Entries supplied:
------

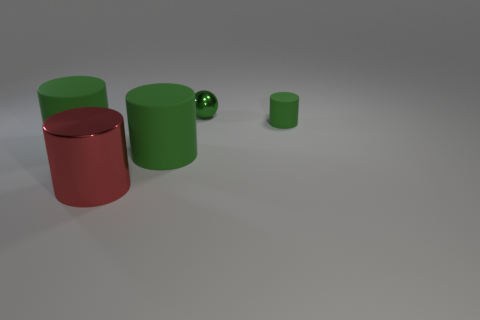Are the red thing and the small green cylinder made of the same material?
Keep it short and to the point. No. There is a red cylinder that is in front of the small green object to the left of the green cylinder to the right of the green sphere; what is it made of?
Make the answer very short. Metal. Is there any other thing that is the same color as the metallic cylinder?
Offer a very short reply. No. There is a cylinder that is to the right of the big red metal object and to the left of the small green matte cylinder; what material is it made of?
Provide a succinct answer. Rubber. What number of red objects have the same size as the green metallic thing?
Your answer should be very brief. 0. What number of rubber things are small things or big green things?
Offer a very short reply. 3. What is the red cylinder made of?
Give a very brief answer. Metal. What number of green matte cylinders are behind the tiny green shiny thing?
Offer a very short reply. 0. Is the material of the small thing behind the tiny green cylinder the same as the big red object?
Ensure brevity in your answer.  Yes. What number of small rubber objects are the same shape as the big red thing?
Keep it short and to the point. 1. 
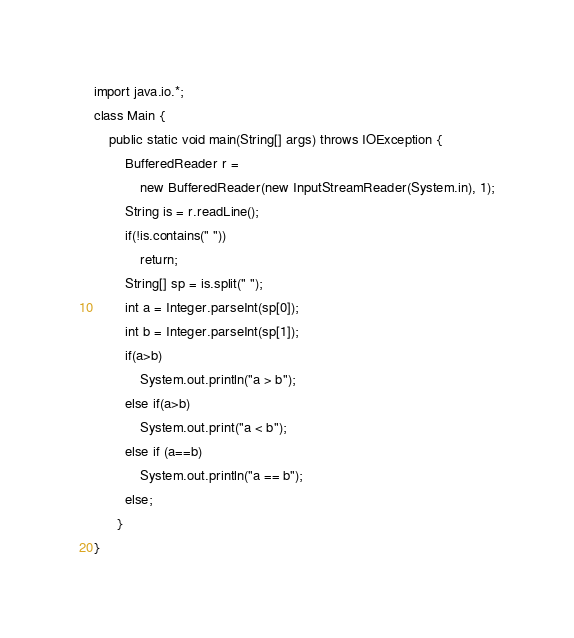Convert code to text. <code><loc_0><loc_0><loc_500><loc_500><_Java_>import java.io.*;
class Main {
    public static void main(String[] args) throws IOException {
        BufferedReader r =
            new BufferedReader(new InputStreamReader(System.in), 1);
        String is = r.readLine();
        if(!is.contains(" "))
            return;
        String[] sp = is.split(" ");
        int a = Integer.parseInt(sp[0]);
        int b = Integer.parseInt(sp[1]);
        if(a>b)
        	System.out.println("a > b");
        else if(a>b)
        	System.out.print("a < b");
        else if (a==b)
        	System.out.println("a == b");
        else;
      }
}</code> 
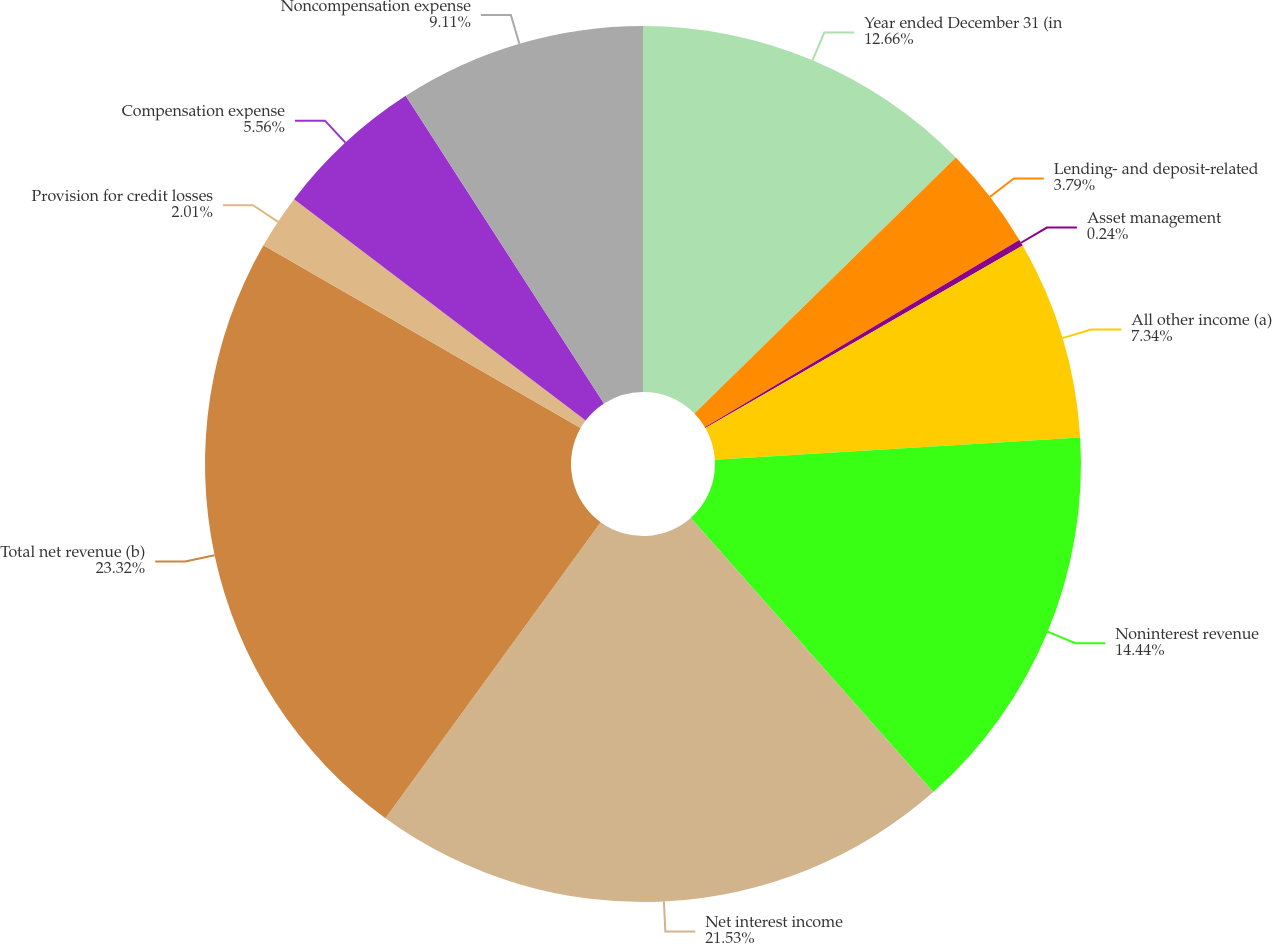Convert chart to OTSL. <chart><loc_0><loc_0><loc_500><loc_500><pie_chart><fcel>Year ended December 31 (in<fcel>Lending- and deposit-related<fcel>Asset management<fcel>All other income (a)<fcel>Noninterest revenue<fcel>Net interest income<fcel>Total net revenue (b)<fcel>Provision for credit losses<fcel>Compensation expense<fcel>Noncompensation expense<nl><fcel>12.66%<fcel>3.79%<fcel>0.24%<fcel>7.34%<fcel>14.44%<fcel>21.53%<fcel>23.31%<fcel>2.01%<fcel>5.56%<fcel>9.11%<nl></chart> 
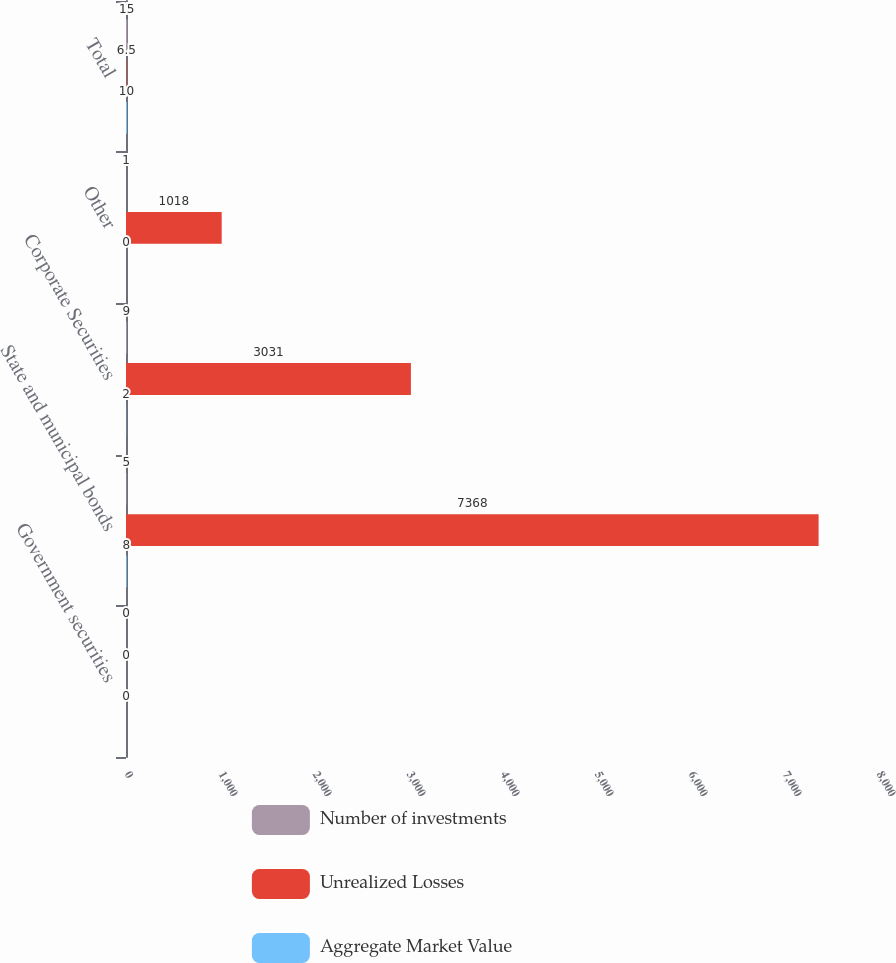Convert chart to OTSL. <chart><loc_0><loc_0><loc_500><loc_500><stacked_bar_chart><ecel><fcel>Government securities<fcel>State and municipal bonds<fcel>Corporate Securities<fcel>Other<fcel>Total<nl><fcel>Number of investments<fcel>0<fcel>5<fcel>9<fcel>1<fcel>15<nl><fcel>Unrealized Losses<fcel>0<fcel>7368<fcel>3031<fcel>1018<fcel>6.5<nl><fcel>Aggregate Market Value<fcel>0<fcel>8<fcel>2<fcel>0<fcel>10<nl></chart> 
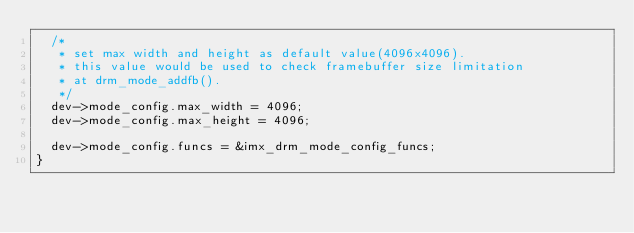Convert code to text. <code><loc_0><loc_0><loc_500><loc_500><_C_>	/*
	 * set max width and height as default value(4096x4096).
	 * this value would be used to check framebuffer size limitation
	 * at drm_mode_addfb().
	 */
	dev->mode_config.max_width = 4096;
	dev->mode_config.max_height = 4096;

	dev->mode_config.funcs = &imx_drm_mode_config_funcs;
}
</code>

------

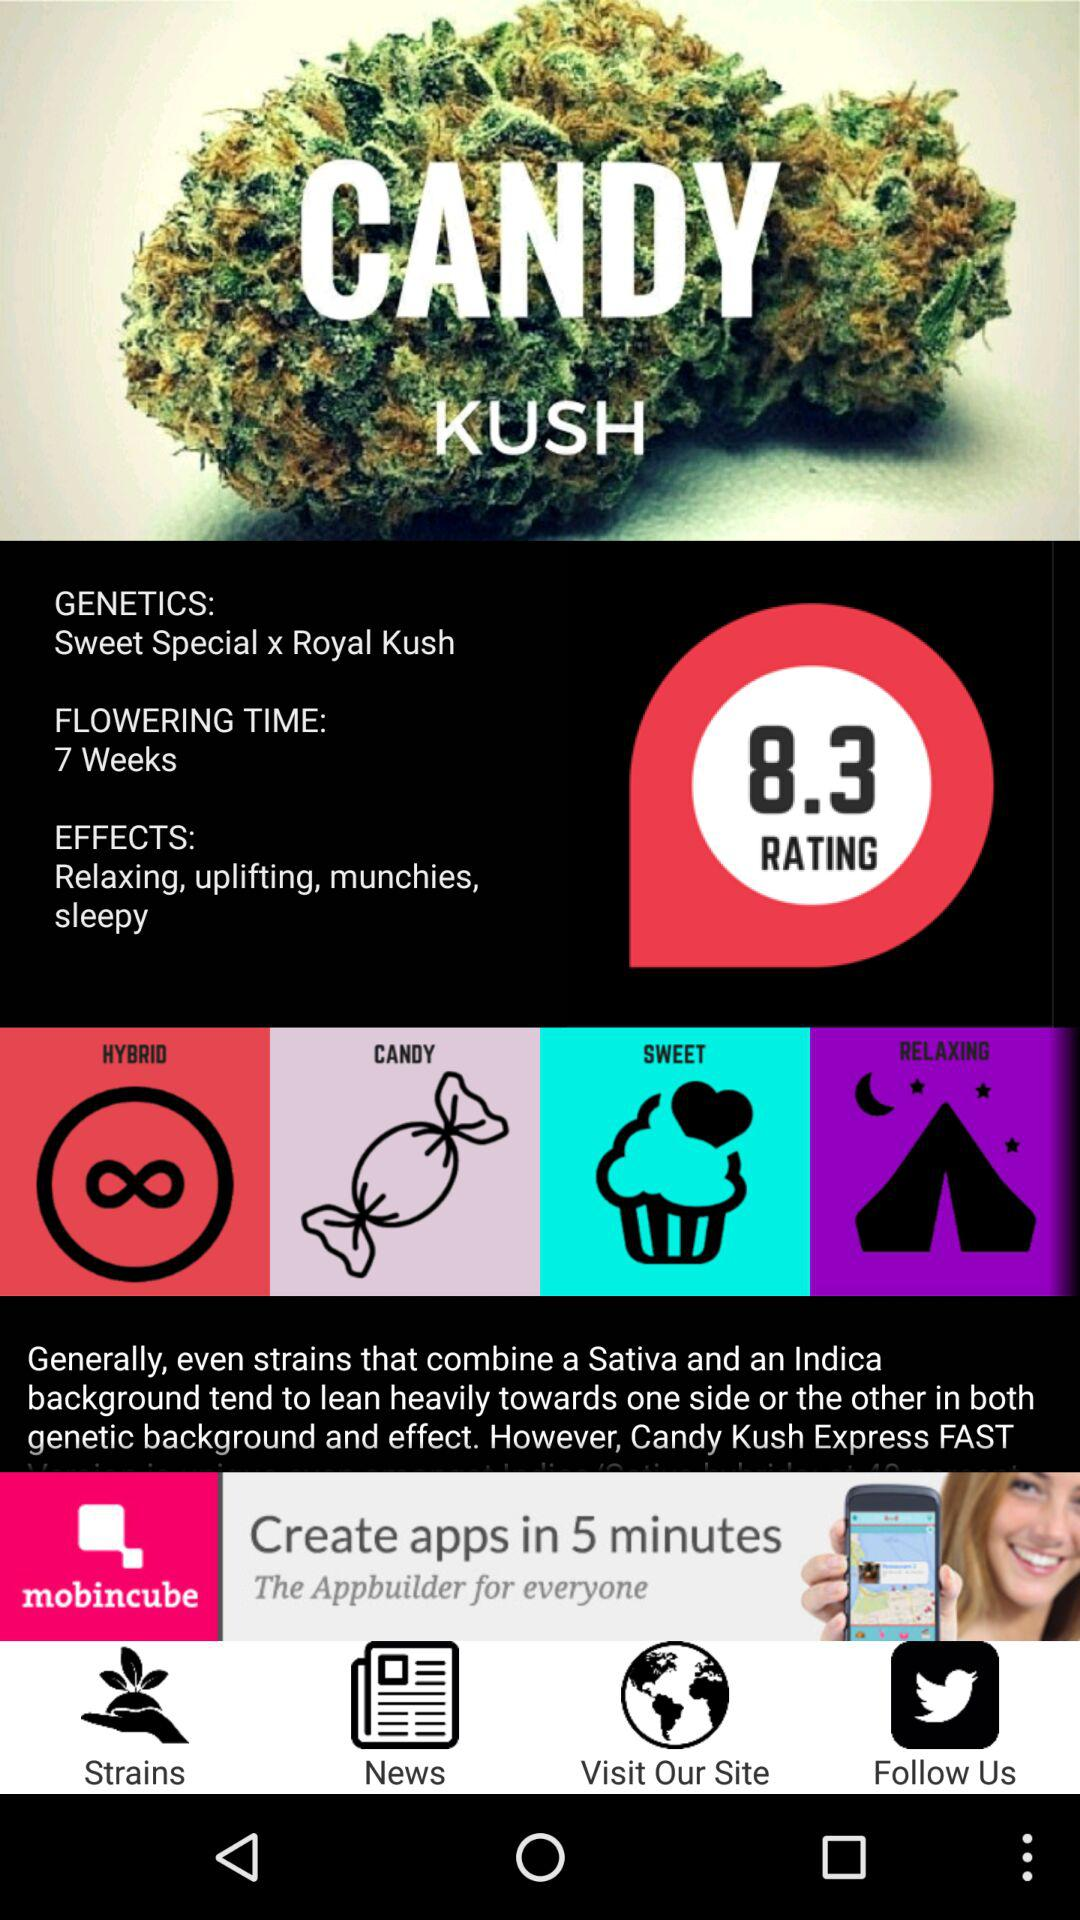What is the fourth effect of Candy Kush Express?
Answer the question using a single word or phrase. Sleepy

------

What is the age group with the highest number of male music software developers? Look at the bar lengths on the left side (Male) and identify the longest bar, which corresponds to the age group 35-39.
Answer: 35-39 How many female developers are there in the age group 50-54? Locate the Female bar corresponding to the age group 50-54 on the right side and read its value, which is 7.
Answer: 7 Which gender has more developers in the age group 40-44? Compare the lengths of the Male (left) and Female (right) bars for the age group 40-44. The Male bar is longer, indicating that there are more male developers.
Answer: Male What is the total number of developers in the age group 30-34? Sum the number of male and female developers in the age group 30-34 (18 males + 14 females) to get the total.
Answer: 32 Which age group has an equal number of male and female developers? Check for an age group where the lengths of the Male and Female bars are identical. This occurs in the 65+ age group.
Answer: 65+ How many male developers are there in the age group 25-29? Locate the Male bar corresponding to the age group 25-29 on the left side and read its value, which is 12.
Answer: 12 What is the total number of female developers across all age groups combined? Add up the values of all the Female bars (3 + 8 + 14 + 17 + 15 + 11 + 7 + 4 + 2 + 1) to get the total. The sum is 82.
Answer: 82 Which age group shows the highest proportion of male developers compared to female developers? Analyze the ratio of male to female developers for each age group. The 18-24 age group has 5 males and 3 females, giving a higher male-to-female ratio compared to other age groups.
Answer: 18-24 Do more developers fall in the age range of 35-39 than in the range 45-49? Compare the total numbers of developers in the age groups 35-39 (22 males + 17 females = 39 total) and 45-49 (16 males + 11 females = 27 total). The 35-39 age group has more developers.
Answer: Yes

------

Exercise objective: Filter the records, keeping only lines that contain "System", and show those lines.

Result below:
            new BufferedReader(new InputStreamReader(System.in), 1);
        	System.out.println("a > b");
        	System.out.print("a < b");
        	System.out.println("a == b");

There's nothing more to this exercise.